#### [Records excerpted from a collection]
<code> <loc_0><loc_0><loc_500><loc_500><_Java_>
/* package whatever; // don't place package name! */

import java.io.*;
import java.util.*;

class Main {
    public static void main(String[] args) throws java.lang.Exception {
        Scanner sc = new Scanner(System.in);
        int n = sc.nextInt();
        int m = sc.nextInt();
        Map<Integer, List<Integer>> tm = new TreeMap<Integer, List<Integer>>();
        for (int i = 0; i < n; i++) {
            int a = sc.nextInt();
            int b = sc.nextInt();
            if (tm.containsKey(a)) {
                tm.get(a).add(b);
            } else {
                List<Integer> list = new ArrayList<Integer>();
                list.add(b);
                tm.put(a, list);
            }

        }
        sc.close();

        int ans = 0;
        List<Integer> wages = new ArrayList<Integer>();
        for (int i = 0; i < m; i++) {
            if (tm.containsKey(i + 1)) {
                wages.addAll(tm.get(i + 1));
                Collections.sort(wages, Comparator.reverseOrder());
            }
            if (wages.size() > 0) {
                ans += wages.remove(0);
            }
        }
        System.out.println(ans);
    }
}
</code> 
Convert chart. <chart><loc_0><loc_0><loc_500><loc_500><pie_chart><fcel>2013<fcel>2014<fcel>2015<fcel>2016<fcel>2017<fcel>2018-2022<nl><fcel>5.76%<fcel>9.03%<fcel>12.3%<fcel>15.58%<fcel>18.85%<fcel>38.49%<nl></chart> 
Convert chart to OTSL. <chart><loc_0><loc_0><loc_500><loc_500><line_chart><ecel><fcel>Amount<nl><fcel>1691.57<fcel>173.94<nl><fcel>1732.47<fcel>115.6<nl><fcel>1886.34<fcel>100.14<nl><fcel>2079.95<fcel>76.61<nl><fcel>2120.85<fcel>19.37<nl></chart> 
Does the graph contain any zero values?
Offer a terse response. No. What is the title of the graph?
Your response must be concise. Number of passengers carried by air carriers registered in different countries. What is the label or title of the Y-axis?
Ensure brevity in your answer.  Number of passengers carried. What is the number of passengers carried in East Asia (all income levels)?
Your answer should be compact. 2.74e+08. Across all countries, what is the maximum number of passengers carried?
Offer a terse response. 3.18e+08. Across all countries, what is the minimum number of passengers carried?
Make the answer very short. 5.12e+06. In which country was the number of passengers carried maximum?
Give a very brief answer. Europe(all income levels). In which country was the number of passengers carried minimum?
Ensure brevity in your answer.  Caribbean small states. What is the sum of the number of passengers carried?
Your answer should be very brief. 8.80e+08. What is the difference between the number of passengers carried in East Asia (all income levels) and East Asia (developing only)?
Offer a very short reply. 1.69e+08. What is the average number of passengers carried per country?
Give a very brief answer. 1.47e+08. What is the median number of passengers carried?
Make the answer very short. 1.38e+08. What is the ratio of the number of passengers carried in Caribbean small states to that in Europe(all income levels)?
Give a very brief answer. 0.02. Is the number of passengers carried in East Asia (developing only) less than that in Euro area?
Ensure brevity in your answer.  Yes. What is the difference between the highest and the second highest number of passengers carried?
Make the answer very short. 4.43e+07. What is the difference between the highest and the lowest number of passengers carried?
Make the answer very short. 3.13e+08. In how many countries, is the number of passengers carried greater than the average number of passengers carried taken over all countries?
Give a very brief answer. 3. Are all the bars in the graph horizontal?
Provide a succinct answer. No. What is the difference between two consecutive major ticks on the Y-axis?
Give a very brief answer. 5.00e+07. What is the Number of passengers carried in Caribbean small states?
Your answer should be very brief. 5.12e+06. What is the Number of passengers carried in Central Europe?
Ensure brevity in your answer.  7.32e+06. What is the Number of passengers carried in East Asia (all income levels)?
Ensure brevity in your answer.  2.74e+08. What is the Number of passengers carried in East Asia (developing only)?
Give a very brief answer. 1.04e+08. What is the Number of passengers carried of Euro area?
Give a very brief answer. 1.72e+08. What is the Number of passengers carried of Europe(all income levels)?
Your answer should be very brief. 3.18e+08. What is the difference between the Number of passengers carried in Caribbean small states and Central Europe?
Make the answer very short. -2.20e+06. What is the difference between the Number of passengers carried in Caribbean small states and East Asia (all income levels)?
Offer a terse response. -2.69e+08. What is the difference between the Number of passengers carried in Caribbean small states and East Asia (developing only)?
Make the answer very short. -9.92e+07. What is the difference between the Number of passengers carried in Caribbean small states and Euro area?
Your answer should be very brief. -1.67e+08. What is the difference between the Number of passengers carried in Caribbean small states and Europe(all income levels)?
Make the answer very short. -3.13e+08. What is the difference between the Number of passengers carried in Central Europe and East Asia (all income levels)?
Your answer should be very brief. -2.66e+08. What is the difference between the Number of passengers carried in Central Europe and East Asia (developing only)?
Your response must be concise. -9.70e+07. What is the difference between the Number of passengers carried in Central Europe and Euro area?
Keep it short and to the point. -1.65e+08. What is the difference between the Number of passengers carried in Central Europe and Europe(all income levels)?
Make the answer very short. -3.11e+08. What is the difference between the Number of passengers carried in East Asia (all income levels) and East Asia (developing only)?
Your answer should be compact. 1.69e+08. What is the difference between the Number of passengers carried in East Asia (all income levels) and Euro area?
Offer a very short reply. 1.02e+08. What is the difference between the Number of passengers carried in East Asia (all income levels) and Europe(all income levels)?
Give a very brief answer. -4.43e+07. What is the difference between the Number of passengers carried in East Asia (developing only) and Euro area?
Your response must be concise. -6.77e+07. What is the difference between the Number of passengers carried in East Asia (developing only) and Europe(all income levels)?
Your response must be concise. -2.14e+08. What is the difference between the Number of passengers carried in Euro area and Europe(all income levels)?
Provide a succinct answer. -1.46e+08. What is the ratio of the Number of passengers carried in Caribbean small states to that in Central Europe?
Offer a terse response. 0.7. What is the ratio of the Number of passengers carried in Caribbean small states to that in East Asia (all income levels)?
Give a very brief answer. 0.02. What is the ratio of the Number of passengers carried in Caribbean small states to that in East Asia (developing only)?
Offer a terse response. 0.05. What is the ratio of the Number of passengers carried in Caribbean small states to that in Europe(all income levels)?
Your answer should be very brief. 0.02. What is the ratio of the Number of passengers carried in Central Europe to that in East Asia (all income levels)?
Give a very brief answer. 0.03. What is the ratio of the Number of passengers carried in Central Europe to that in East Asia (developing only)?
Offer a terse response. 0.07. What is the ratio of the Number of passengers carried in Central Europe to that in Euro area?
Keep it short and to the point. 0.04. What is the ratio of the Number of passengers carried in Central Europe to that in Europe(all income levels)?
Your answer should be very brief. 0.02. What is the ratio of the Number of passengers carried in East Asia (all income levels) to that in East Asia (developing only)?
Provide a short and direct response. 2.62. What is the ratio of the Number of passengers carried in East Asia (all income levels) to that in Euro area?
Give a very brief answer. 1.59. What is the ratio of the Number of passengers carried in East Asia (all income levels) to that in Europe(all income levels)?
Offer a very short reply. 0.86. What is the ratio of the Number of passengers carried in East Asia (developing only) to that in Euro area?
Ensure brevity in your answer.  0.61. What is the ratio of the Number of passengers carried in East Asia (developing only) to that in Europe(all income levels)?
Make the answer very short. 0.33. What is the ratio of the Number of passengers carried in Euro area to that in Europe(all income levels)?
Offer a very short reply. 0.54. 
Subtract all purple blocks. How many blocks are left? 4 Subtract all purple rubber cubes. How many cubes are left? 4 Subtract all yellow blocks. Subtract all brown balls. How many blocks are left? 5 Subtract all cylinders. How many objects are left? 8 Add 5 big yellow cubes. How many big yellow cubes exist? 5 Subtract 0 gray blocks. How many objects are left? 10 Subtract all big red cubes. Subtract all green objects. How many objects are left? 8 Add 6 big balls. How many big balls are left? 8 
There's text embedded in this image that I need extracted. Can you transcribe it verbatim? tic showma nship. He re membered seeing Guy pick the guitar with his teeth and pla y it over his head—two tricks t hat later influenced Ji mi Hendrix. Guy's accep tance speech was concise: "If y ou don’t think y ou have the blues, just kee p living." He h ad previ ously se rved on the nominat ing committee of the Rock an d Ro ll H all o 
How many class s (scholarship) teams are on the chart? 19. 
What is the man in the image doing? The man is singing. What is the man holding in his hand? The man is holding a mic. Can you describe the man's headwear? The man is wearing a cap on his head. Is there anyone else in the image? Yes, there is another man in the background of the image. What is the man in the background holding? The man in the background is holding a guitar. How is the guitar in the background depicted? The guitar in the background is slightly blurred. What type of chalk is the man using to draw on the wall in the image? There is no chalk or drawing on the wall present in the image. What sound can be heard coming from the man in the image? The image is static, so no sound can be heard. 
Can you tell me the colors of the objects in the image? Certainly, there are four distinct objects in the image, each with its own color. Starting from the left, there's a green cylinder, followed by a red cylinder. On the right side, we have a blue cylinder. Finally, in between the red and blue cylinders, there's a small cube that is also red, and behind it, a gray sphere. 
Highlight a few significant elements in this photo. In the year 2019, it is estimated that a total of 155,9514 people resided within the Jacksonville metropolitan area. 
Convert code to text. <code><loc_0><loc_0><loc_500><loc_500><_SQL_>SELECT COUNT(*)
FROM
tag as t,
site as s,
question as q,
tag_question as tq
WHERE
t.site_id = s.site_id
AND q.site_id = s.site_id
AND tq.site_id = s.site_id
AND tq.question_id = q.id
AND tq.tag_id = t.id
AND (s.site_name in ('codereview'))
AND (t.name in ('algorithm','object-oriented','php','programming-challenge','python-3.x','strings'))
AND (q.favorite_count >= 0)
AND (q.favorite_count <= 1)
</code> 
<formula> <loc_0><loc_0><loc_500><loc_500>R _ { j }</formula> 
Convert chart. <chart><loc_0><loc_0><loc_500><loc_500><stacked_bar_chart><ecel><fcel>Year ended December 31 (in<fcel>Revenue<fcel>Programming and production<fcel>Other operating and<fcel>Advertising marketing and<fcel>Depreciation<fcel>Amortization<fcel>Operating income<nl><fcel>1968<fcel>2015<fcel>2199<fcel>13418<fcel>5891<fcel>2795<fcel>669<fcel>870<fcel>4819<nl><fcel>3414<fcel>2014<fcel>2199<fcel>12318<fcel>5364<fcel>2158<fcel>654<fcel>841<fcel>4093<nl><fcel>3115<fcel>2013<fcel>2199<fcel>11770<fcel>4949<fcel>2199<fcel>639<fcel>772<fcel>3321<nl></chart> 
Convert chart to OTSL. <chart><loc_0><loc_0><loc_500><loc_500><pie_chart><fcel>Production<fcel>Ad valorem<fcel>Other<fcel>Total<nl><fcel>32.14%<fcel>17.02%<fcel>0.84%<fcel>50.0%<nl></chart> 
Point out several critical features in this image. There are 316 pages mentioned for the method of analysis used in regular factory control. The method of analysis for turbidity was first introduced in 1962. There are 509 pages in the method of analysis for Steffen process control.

#### [Task directions]
Filter the records above for "left" and copy every matching line.

#### [Result of the task]
Subtract all purple blocks. How many blocks are left? 4 Subtract all purple rubber cubes. How many cubes are left? 4 Subtract all yellow blocks. Subtract all brown balls. How many blocks are left? 5 Subtract all cylinders. How many objects are left? 8 Add 5 big yellow cubes. How many big yellow cubes exist? 5 Subtract 0 gray blocks. How many objects are left? 10 Subtract all big red cubes. Subtract all green objects. How many objects are left? 8 Add 6 big balls. How many big balls are left? 8 
Can you tell me the colors of the objects in the image? Certainly, there are four distinct objects in the image, each with its own color. Starting from the left, there's a green cylinder, followed by a red cylinder. On the right side, we have a blue cylinder. Finally, in between the red and blue cylinders, there's a small cube that is also red, and behind it, a gray sphere. 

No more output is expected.